Edwards v ABUAAGLA (Civil Dispute)
[2014] ACAT 56
•15 August 2014
ACT CIVIL & ADMINISTRATIVE TRIBUNAL
EDWARDS v ABUAAGLA (Civil Dispute) [2014] ACAT 56
XD 12 /1906
Catchwords: RESIDENTIAL TENANCIES – agent acting within authority – end of lease settlement arrangement binds the parties –application of principles of contract–application of principles of agency.
Legislation:Residential Tenancies Act 1997, s 83
Cases:
Texts/Papers: Shorter Oxford Dictionary (5th ed. 2003)
Tribunal: Ms J. Lennard – Senior Member
Date of Orders: 15 August 2014
Date of Reasons for Decision: 15 August 2014
ACT CIVIL AND ADMINISTRATIVE TRIBUNAL XD 12/1096
BETWEEN:
VICTORIA LOUISE EDWARDS
Applicant/Lessor
AND:
AYOUB ABUAAGLA
Respondent/Tenant
TRIBUNAL: Ms J. Lennard – Senior Member
DATE:15 August 2014
ORDER
The Tribunal Orders that:
The application is dismissed.
………………………………..
Ms J. Lennard – Senior Member
REASONS FOR DECISION
Background
The parties entered into a residential tenancy agreement: Ms Victoria Edwards as lessor (the applicant) and Mr Ayoub Abuaagla as tenant (the respondent). This agreement was dated 8 December 2010 and was expressed to be for a fixed term of 12 months, terminating on 12 December 2011. Thereafter, the residential tenancy agreement was a periodic tenancy.
As the lessor was not resident in the ACT, her parents, who held an enduring Power of Attorney from the lessor, attended some inspections of the property and liaised and negotiated with the managing agent. On 16 April 2012, the lessor’s mother gave written instructions to the agent to issue a Notice to Vacate to the tenant. That letter stated “Victoria will be returning to Canberra to live in four weeks and will reside in her property at [address redacted], ACT”.
On or about 16 April 2012, the lessor’s agent served a notice to vacate upon the tenant upon the grounds that the lessor or lessor’s immediate relative intended to reside at the premises. The termination date was 14 May 2012.

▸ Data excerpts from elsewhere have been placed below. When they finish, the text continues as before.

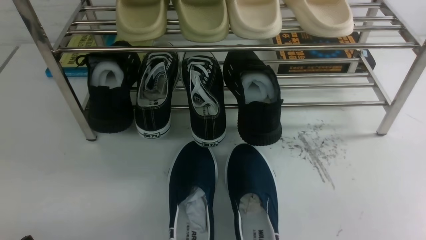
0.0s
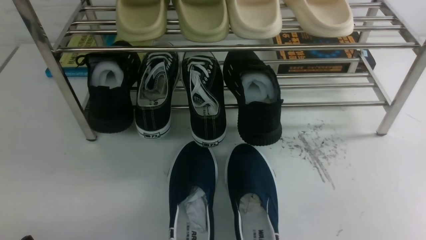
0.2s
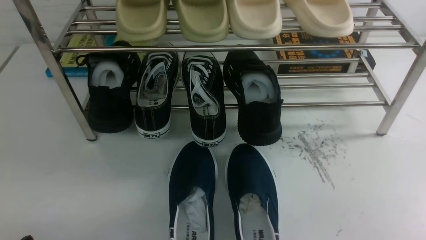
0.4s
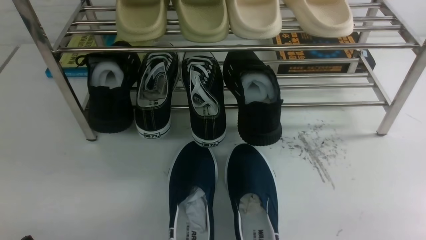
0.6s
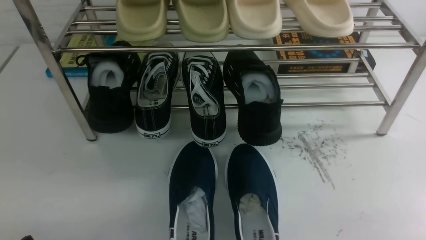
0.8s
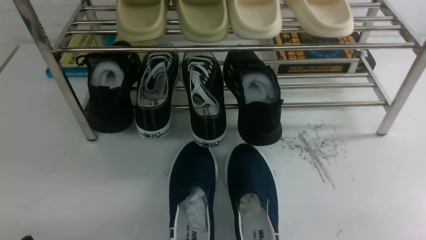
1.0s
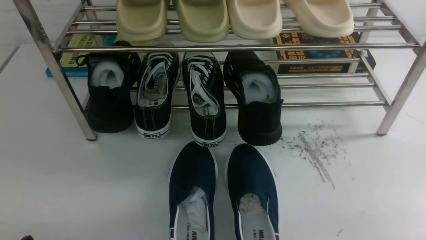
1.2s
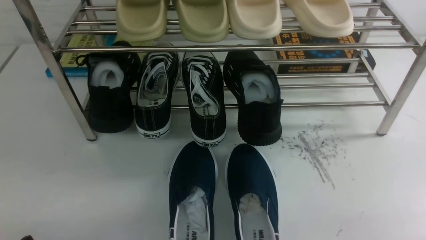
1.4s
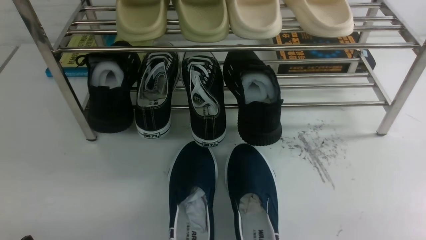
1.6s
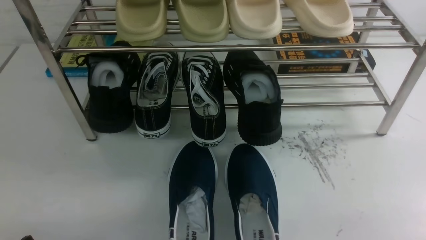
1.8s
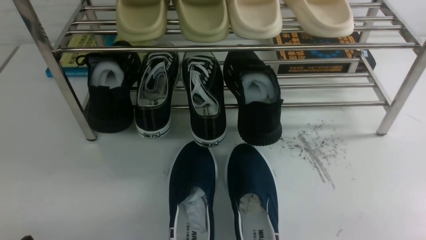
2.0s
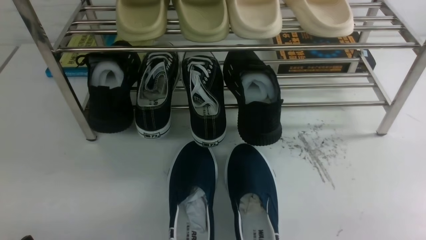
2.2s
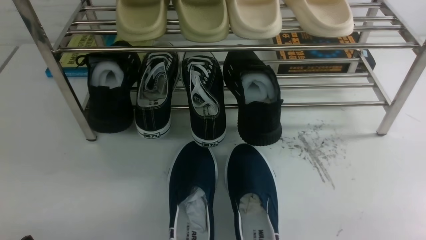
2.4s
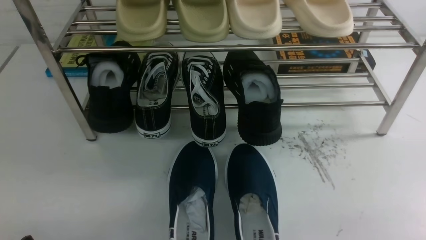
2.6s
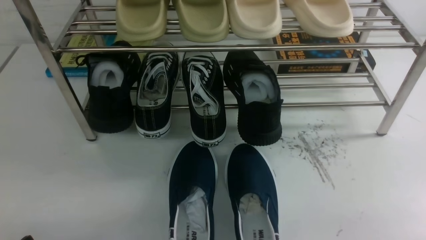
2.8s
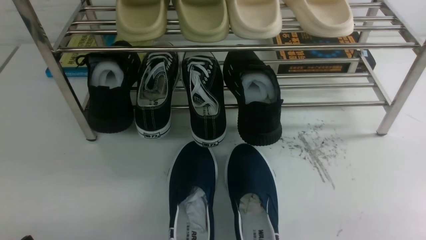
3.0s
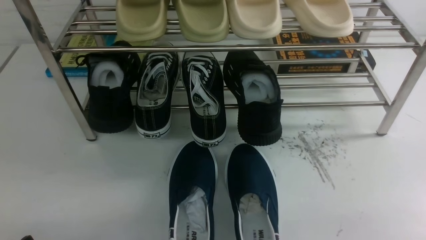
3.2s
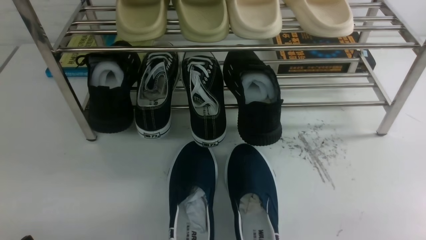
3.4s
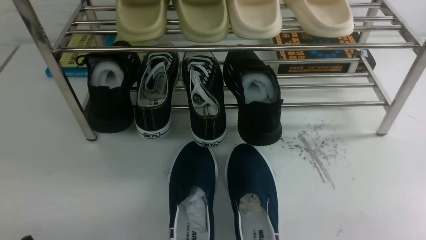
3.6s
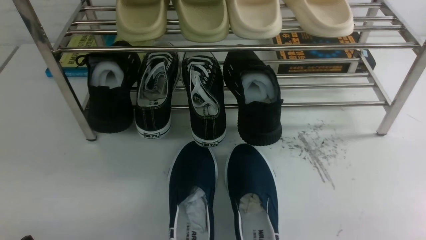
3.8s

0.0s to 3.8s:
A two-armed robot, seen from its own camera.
1.2s to 3.8s: Both grippers stay about where they are.

The tenant failed to vacate in accordance with the notice to vacate and, on 14 May 2012, the lessor lodged an application to ACAT for termination of the tenancy. The notice to vacate described in paragraph 2 was relied upon in that application.
The matter was heard on 8 June 2012 and the Tribunal made an order for termination of the tenancy and for possession to be given to the landlord on 29 June 2012. The order had effect as a warrant for eviction.
On or about 26 June 2012, the lessor’s agent conducted a final inspection. The final inspection report prepared by the agent was provided to the Tribunal. That report contained a list of cleaning to be attended to and noted some minor damage to the premises in particular it was noted that the stovetop and the adjoining kitchen bench were heavily scratched. The amount of $631.45 was released from the rental bond to the lessor as compensation for the cost of repairs to the damaged stovetop.
On or about 21 December 2012, the lessor filed a Civil Dispute Application claiming damages on the grounds of negligence and/or breach of contract in relation to the condition of the rented premises in the amount of $9,207.55. The Tribunal determined that this matter (XD 12/1906) should be dealt with pursuant to the Residential Tenancies Act 1997 (the Act).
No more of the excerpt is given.